George - Welcome to the show!  Glad to have your participation, I think you'll like this BB even better... I do.


----------



## TJacobs (Jan 25, 2010)

Re: Dick Seibert said I was missed

Ah, the planets have realigned!  Everything is now right with the board...


----------



## Mule (Jan 25, 2010)

Re: Dick Seibert said I was missed



			
				TJacobs said:
			
		

> Ah, the planets have realigned!  Everything is now right with the board...
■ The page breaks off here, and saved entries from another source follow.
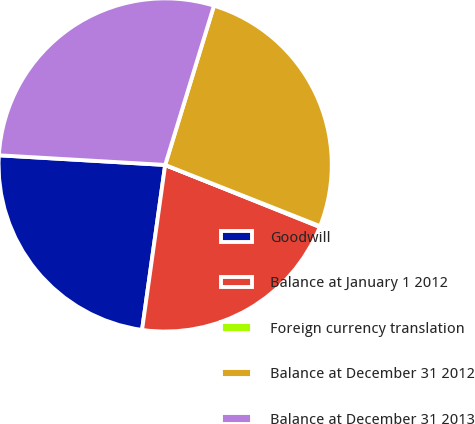<chart> <loc_0><loc_0><loc_500><loc_500><pie_chart><fcel>Goodwill<fcel>Balance at January 1 2012<fcel>Foreign currency translation<fcel>Balance at December 31 2012<fcel>Balance at December 31 2013<nl><fcel>23.71%<fcel>21.15%<fcel>0.08%<fcel>26.26%<fcel>28.81%<nl></chart> 
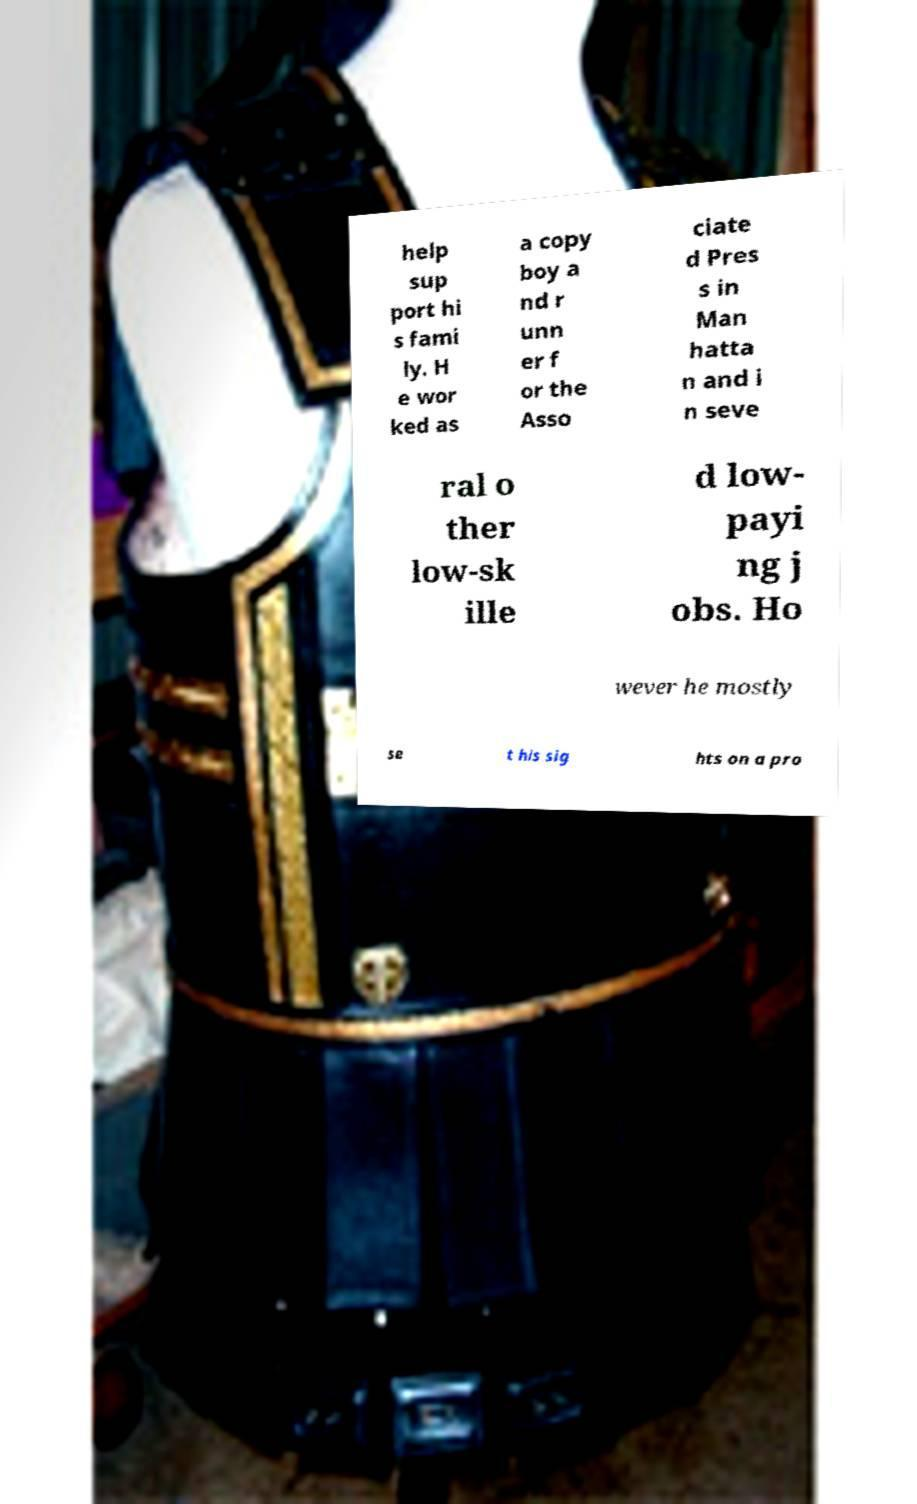Please identify and transcribe the text found in this image. help sup port hi s fami ly. H e wor ked as a copy boy a nd r unn er f or the Asso ciate d Pres s in Man hatta n and i n seve ral o ther low-sk ille d low- payi ng j obs. Ho wever he mostly se t his sig hts on a pro 
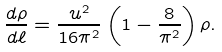<formula> <loc_0><loc_0><loc_500><loc_500>\frac { d \rho } { d \ell } = \frac { u ^ { 2 } } { 1 6 \pi ^ { 2 } } \left ( 1 - \frac { 8 } { \pi ^ { 2 } } \right ) \rho .</formula> 
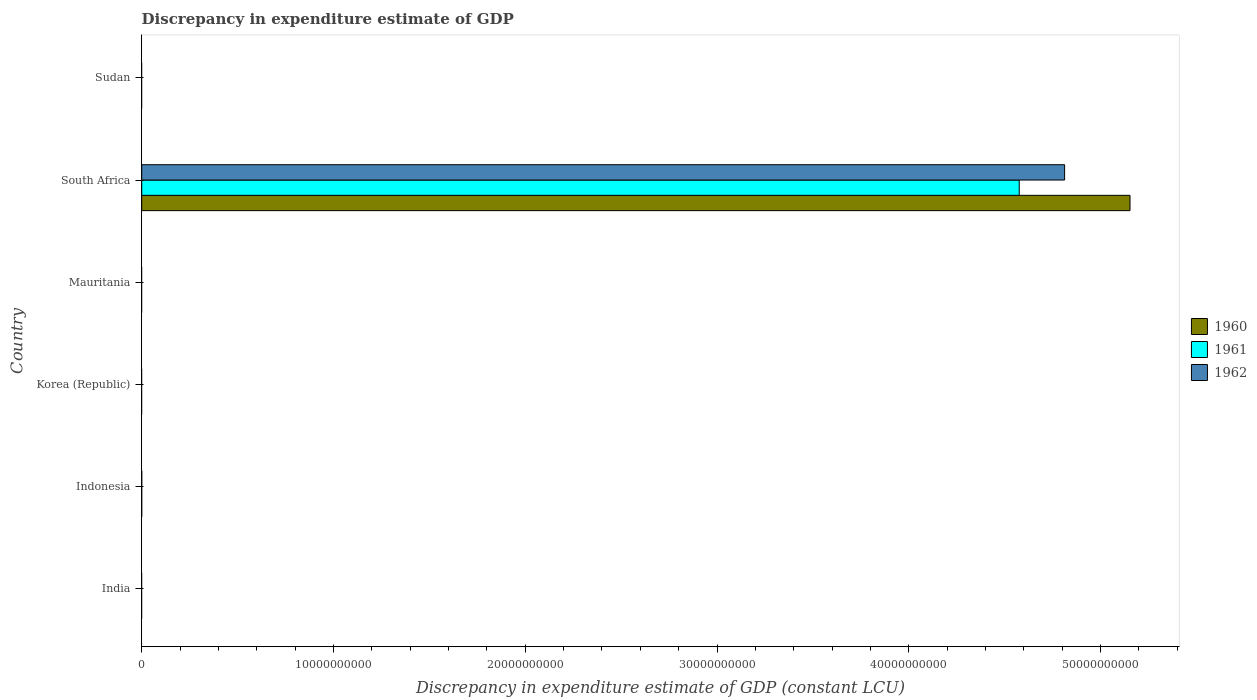How many bars are there on the 6th tick from the top?
Offer a very short reply. 0. How many bars are there on the 2nd tick from the bottom?
Ensure brevity in your answer.  0. What is the label of the 3rd group of bars from the top?
Offer a terse response. Mauritania. In how many cases, is the number of bars for a given country not equal to the number of legend labels?
Ensure brevity in your answer.  5. What is the discrepancy in expenditure estimate of GDP in 1960 in Sudan?
Your answer should be compact. 0. Across all countries, what is the maximum discrepancy in expenditure estimate of GDP in 1960?
Keep it short and to the point. 5.15e+1. In which country was the discrepancy in expenditure estimate of GDP in 1960 maximum?
Ensure brevity in your answer.  South Africa. What is the total discrepancy in expenditure estimate of GDP in 1962 in the graph?
Offer a very short reply. 4.81e+1. What is the difference between the discrepancy in expenditure estimate of GDP in 1962 in Indonesia and the discrepancy in expenditure estimate of GDP in 1960 in Korea (Republic)?
Your response must be concise. 0. What is the average discrepancy in expenditure estimate of GDP in 1961 per country?
Ensure brevity in your answer.  7.63e+09. What is the difference between the discrepancy in expenditure estimate of GDP in 1961 and discrepancy in expenditure estimate of GDP in 1962 in South Africa?
Your response must be concise. -2.37e+09. In how many countries, is the discrepancy in expenditure estimate of GDP in 1962 greater than 52000000000 LCU?
Your response must be concise. 0. What is the difference between the highest and the lowest discrepancy in expenditure estimate of GDP in 1960?
Ensure brevity in your answer.  5.15e+1. Are all the bars in the graph horizontal?
Provide a succinct answer. Yes. How many countries are there in the graph?
Your answer should be compact. 6. What is the difference between two consecutive major ticks on the X-axis?
Your answer should be very brief. 1.00e+1. Are the values on the major ticks of X-axis written in scientific E-notation?
Your answer should be very brief. No. Does the graph contain any zero values?
Provide a succinct answer. Yes. Where does the legend appear in the graph?
Offer a very short reply. Center right. How are the legend labels stacked?
Provide a short and direct response. Vertical. What is the title of the graph?
Your answer should be compact. Discrepancy in expenditure estimate of GDP. What is the label or title of the X-axis?
Make the answer very short. Discrepancy in expenditure estimate of GDP (constant LCU). What is the label or title of the Y-axis?
Keep it short and to the point. Country. What is the Discrepancy in expenditure estimate of GDP (constant LCU) in 1961 in India?
Offer a terse response. 0. What is the Discrepancy in expenditure estimate of GDP (constant LCU) of 1962 in India?
Provide a succinct answer. 0. What is the Discrepancy in expenditure estimate of GDP (constant LCU) in 1962 in Indonesia?
Offer a very short reply. 0. What is the Discrepancy in expenditure estimate of GDP (constant LCU) in 1962 in Korea (Republic)?
Ensure brevity in your answer.  0. What is the Discrepancy in expenditure estimate of GDP (constant LCU) of 1961 in Mauritania?
Ensure brevity in your answer.  0. What is the Discrepancy in expenditure estimate of GDP (constant LCU) of 1960 in South Africa?
Give a very brief answer. 5.15e+1. What is the Discrepancy in expenditure estimate of GDP (constant LCU) in 1961 in South Africa?
Provide a succinct answer. 4.58e+1. What is the Discrepancy in expenditure estimate of GDP (constant LCU) in 1962 in South Africa?
Give a very brief answer. 4.81e+1. What is the Discrepancy in expenditure estimate of GDP (constant LCU) of 1960 in Sudan?
Provide a succinct answer. 0. What is the Discrepancy in expenditure estimate of GDP (constant LCU) of 1961 in Sudan?
Your answer should be compact. 0. What is the Discrepancy in expenditure estimate of GDP (constant LCU) in 1962 in Sudan?
Offer a very short reply. 0. Across all countries, what is the maximum Discrepancy in expenditure estimate of GDP (constant LCU) of 1960?
Offer a terse response. 5.15e+1. Across all countries, what is the maximum Discrepancy in expenditure estimate of GDP (constant LCU) of 1961?
Keep it short and to the point. 4.58e+1. Across all countries, what is the maximum Discrepancy in expenditure estimate of GDP (constant LCU) of 1962?
Your answer should be compact. 4.81e+1. Across all countries, what is the minimum Discrepancy in expenditure estimate of GDP (constant LCU) in 1960?
Your answer should be very brief. 0. Across all countries, what is the minimum Discrepancy in expenditure estimate of GDP (constant LCU) in 1961?
Your answer should be compact. 0. Across all countries, what is the minimum Discrepancy in expenditure estimate of GDP (constant LCU) in 1962?
Your response must be concise. 0. What is the total Discrepancy in expenditure estimate of GDP (constant LCU) in 1960 in the graph?
Provide a succinct answer. 5.15e+1. What is the total Discrepancy in expenditure estimate of GDP (constant LCU) of 1961 in the graph?
Offer a terse response. 4.58e+1. What is the total Discrepancy in expenditure estimate of GDP (constant LCU) in 1962 in the graph?
Provide a short and direct response. 4.81e+1. What is the average Discrepancy in expenditure estimate of GDP (constant LCU) of 1960 per country?
Make the answer very short. 8.59e+09. What is the average Discrepancy in expenditure estimate of GDP (constant LCU) in 1961 per country?
Provide a short and direct response. 7.63e+09. What is the average Discrepancy in expenditure estimate of GDP (constant LCU) in 1962 per country?
Give a very brief answer. 8.02e+09. What is the difference between the Discrepancy in expenditure estimate of GDP (constant LCU) of 1960 and Discrepancy in expenditure estimate of GDP (constant LCU) of 1961 in South Africa?
Offer a terse response. 5.78e+09. What is the difference between the Discrepancy in expenditure estimate of GDP (constant LCU) in 1960 and Discrepancy in expenditure estimate of GDP (constant LCU) in 1962 in South Africa?
Offer a terse response. 3.41e+09. What is the difference between the Discrepancy in expenditure estimate of GDP (constant LCU) in 1961 and Discrepancy in expenditure estimate of GDP (constant LCU) in 1962 in South Africa?
Give a very brief answer. -2.37e+09. What is the difference between the highest and the lowest Discrepancy in expenditure estimate of GDP (constant LCU) in 1960?
Make the answer very short. 5.15e+1. What is the difference between the highest and the lowest Discrepancy in expenditure estimate of GDP (constant LCU) in 1961?
Provide a succinct answer. 4.58e+1. What is the difference between the highest and the lowest Discrepancy in expenditure estimate of GDP (constant LCU) in 1962?
Keep it short and to the point. 4.81e+1. 
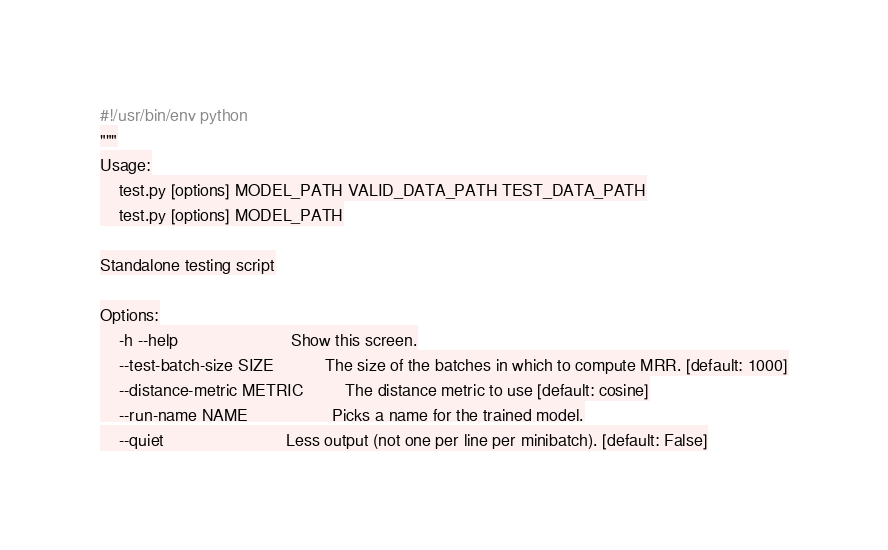Convert code to text. <code><loc_0><loc_0><loc_500><loc_500><_Python_>#!/usr/bin/env python
"""
Usage:
    test.py [options] MODEL_PATH VALID_DATA_PATH TEST_DATA_PATH
    test.py [options] MODEL_PATH

Standalone testing script

Options:
    -h --help                        Show this screen.
    --test-batch-size SIZE           The size of the batches in which to compute MRR. [default: 1000]
    --distance-metric METRIC         The distance metric to use [default: cosine]
    --run-name NAME                  Picks a name for the trained model.
    --quiet                          Less output (not one per line per minibatch). [default: False]</code> 
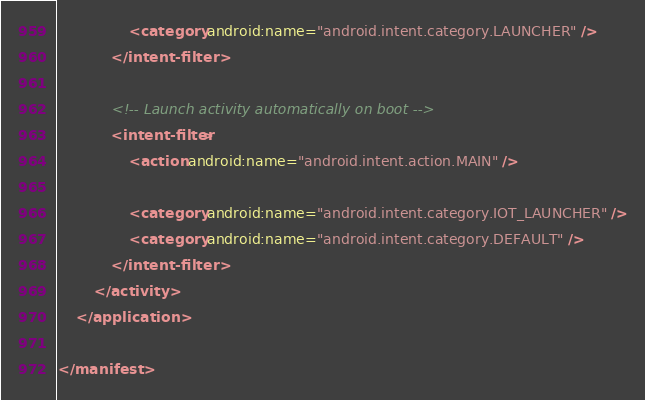<code> <loc_0><loc_0><loc_500><loc_500><_XML_>                <category android:name="android.intent.category.LAUNCHER" />
            </intent-filter>

            <!-- Launch activity automatically on boot -->
            <intent-filter>
                <action android:name="android.intent.action.MAIN" />

                <category android:name="android.intent.category.IOT_LAUNCHER" />
                <category android:name="android.intent.category.DEFAULT" />
            </intent-filter>
        </activity>
    </application>

</manifest>
</code>

Well not quite....we still need....ummm....what was that guys name with the eggs or something like that????

Welcome George!


----------



## pwood (Jan 25, 2010)

Re: Dick Seibert said I was missed

GH,

   good to see you made it here!  i am now the kindler gentler pwood. be sure to visit the communities of interest section here! :mrgreen:


----------



## peach (Jan 29, 2010)

Re: Dick Seibert said I was missed

slowly.. slowly we pull them over to the not-so-dark side..

Welcome back!


----------



## fatboy (Jan 29, 2010)

Re: Dick Seibert said I was missed

George.......looking forward to the addition of your typically acerbic, and sometimes spot on, remarks. It takes all of us, as cogs, to make this wheel turn, glad you finally joined us. Welcome.


----------



## RJJ (Jan 30, 2010)

Re: Dick Seibert said I was missed

Somebody book mark this page for when George gets on his high horse and the cyber arrows start to fly! :lol:


----------